Create Job Tab: A simplified interface to create new TTS jobs from text or uploaded files.
Job Dashboard Tab: View the status of all jobs (completed, processing, failed), see when they were created, and refresh the list.

Command-Line Usage

The job-based system is powerful and easy to use. Here’s how to work with it.

Creating a Job

To start a new conversion, you create a job.
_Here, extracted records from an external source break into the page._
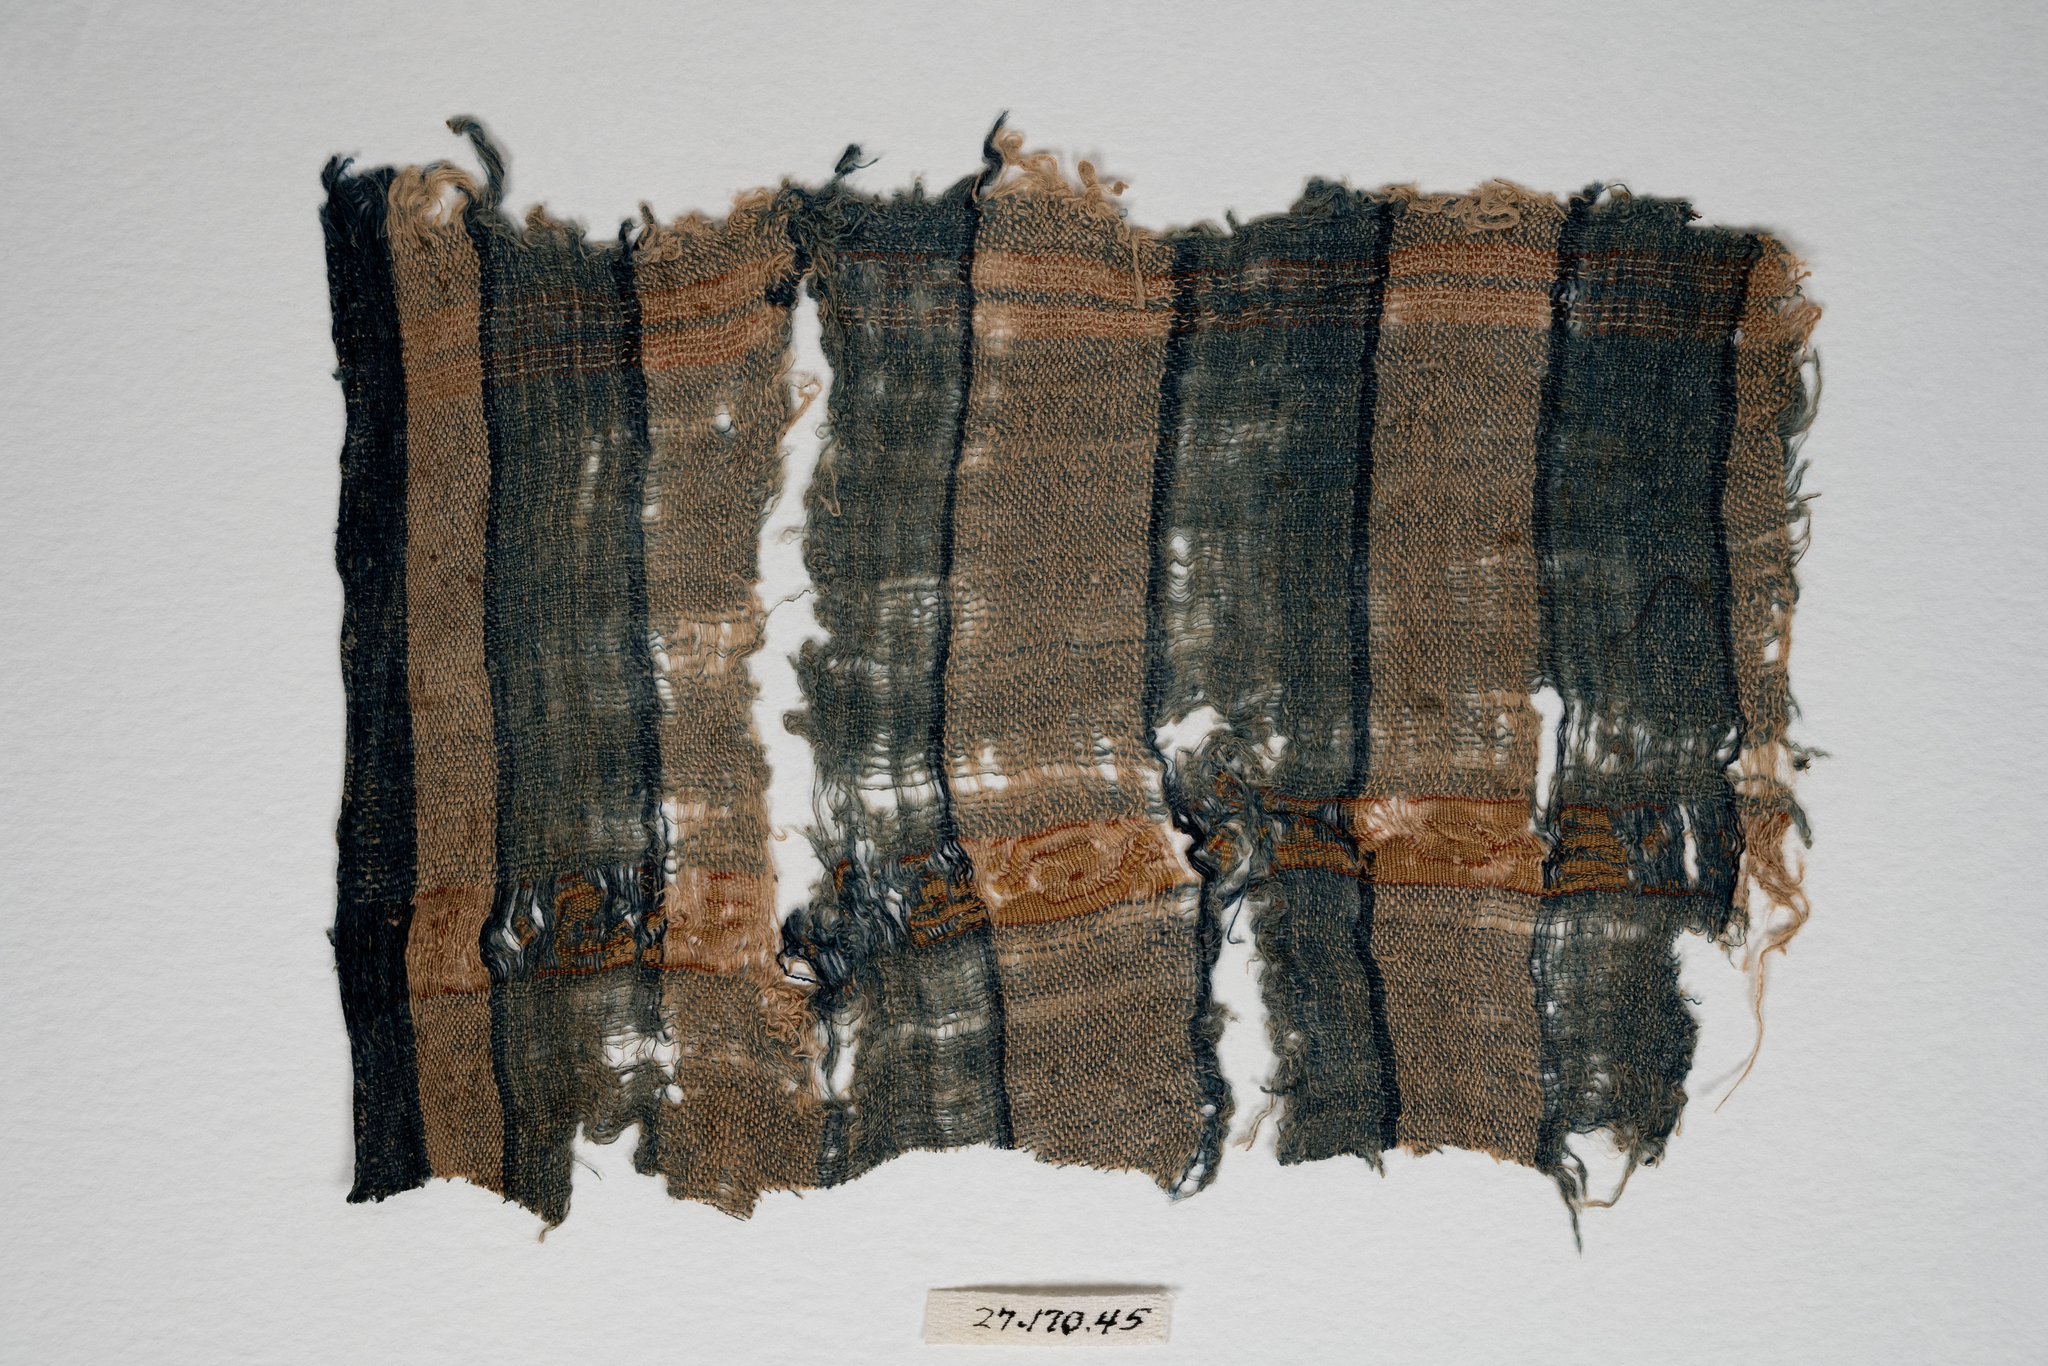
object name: textile fragment
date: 1101-1200
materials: linen, silk
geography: egypt

For example, to convert a PDF book:

python main.py --pdf "path/to/your/book.pdf" --job-name "my-book-job" --num-workers 4 --merge_output

--pdf "path/to/your/book.pdf": Specifies the input file.
--job-name "my-book-job": Gives the job a unique name for tracking.
--num-workers 4: The number of parallel processes to use.
--merge_output: Automatically stitch the final audio chunks into a single WAV file.

Monitoring a Job

While a job is running, you can monitor its progress in a separate terminal:

python main.py --monitor --job-name "my-book-job"

Resuming a Failed Job

If a job is interrupted, you can easily resume it:

python main.py --resume --job-name "my-book-job" --num-workers 4

Engine-Specific Options

You can choose between the kokoro and chatterbox engines and customize their settings.

Kokoro Engine Options

--lang "code": Language code (e.g., 'en' for English).
--voice "name": Voice model name.
--speed <float>: Speech speed multiplier.

Example:

python main.py --text "Hello world" --engine kokoro --lang "en" --voice "en_us_001" --speed 1.2

Chatterbox Engine Options

--cb_audio_prompt <path.wav>: Path to a reference audio file to guide the voice.
--cb_exaggeration <float>: Emotion/intensity control.
--cb_cfg_weight <float>: Guidance weight.
--cb_temperature <float>: Sampling temperature.
--cb_top_p <float>: Nucleus sampling p value.
--cb_min_p <float>: Minimum p value for nucleus sampling.
--cb_repetition_penalty <float>: Penalty for repeating tokens.